Debt service payments had gone from $1,551 to $2,450 per capita from 2000 to June 2009 and represent 9.5 percent of total government expenditures, according to a 2010-2011 finance report. From 2009 until 2030, Metro will have paid $2.3 billion in debt service, and that doesn’t take the debt on Music City Center into account.
Since then, no one has developed a concrete plan. Though Metro government recently announced an in-the-works feasibility study for the Sounds stadium proposal, the Dean administration has not thrown its weight behind the thermal property, and a site recommendation could just as easily be elsewhere (like the Sulphur Dell property north of downtown, home to a minor league park from 1870 to 1963, and now some parking lots), or for that matter, even a no-build recommendation.
“The mayor has said before that Sulphur Dell intrigues him — the history of the site, as well as the opportunity to make a major investment on the north side of downtown,” Dean’s spokeswoman Janel Lacy wrote in an email.

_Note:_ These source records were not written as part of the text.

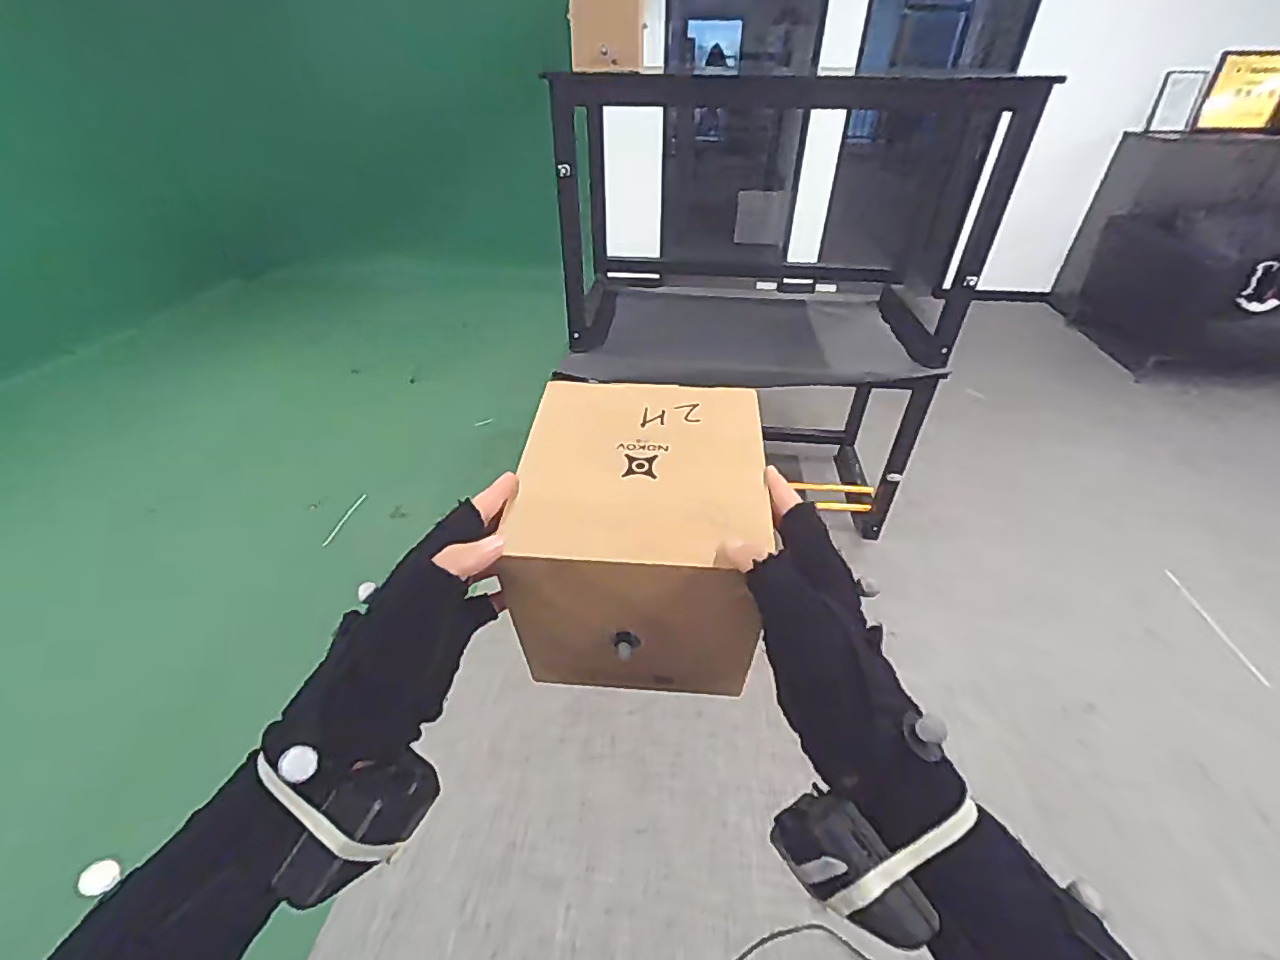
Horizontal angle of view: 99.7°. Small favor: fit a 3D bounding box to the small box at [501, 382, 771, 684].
[{"bbox_3d":[0.005,0.043,0.432,0.168,0.176,0.179,4,44,4],"label":"small box"}]
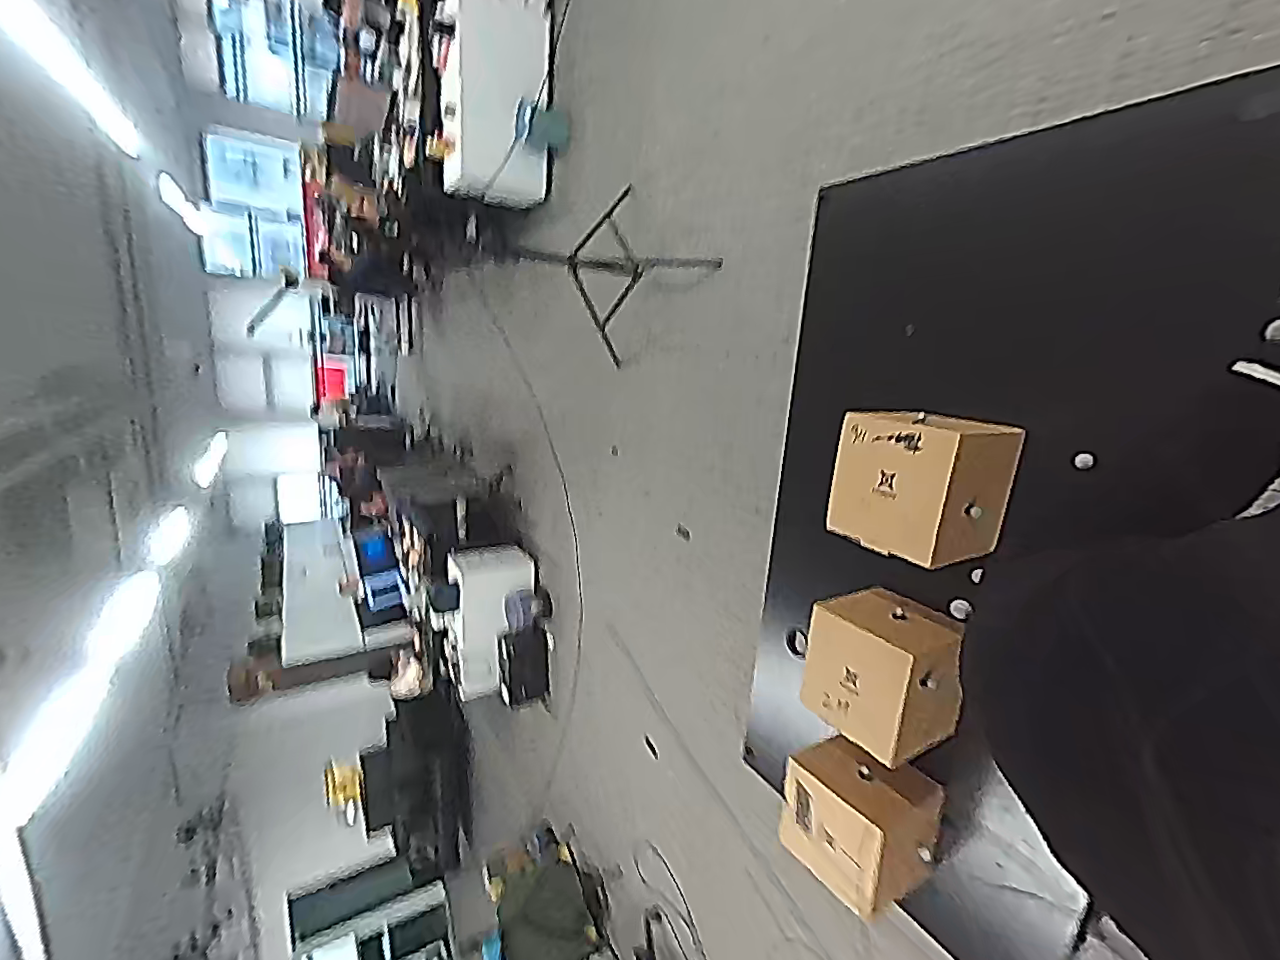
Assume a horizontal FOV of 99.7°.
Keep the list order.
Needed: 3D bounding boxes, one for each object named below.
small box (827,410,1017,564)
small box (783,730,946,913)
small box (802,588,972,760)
[{"bbox_3d":[0.399,-0.001,0.772,0.168,0.176,0.179,25,116,54],"label":"small box"},{"bbox_3d":[0.366,0.543,0.896,0.179,0.176,0.168,19,110,55],"label":"small box"},{"bbox_3d":[0.381,0.283,0.837,0.168,0.176,0.179,22,112,56],"label":"small box"}]
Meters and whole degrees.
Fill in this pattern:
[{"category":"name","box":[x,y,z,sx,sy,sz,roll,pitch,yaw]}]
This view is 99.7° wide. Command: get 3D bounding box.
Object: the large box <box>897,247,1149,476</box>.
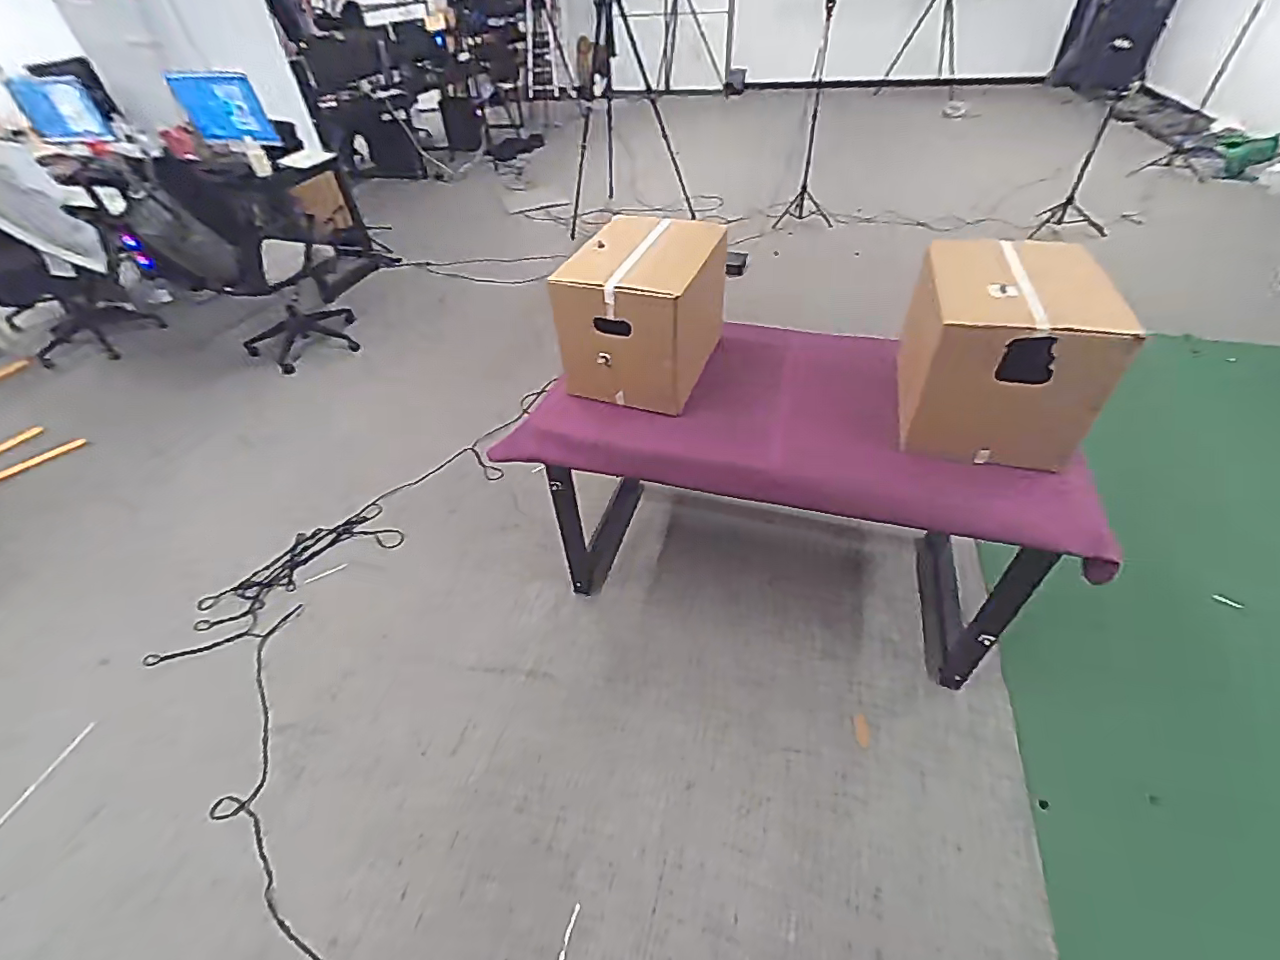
[{"category":"large box","box":[0.763,-0.267,1.166,0.320,0.320,0.408,8,45,16]}]

Selling the property to private developers is likely a politically untenable option, despite its high value and the approximately $180,000 (residential) to $290,000 (commercial) it could create in annual tax revenues, at current rates, if it were sold at its appraised value.
Hypotheses abound as to why the site is still empty: The national real estate market took a nosedive, development priorities for Metro shifted to the Music City Center and, more recently, the fairgrounds, among others.
“I could hazard a few guesses, but this is probably a question more appropriately directed to the Mayor. (‘The Mayor proposes. The council disposes.’),” Jameson wrote. “But I would note that the vacancy rate downtown results at least in part from the nature of previous development. A large proportion of surplus parking and older difficult-to-rehab structures contribute to that occasional feeling of ‘emptiness.’ ”
Should the stadium feasibility study not recommend the thermal site, Oaks said there are no contingency plans in the works, and she wouldn’t speculate on what they might be. For his part, Jameson said he would “caution against turning to one of the few remaining green spaces as the solution” to downtown’s vacancy issue.
The City Paper spoke with the Nashville Civic Design Center’s Gary Gaston, who proposed an idea that could ostensibly put the site into use almost immediately, keeping it concrete-free and open to the river: a temporary green space.
“We’ve talked about an amphitheater there, but the question is, how long will something like that take, and is it worth leaving it fenced up for the next two years or four years or however long that takes, or can it be turned into a very basic open space right now, fairly quickly, without a lot of infrastructure improvements or anything like that,” Gaston said. “Like a passive space, a passive park-like space for downtown in the interim between now and a real bricks-and-mortar decision on whether it’s a new development of mixed-use stuff or whether it’s going to be a really redesigned park.”
But according to the mayor’s office, that could be more difficult than it sounds. Over the course of the 2005-2007 memorandum of understanding, Metro’s plan for environmental remediation on the site was reviewed and approved by the Tennessee Department of Environment and Conservation, but the site never received a final clearance from TDEC to indicate that no further action was required. According to Lacy, complete cleanup would require financial resources that the city would like to see used elsewhere.
Lacy said that Dean, while supportive of a river amphitheater in general, is not “wedded to the thermal site” as its location and is officially neutral on a location for the stadium.
“The mayor sees the thermal site as a valuable piece of property and feels whatever is there should be an iconic statement about Nashville,” Lacy said.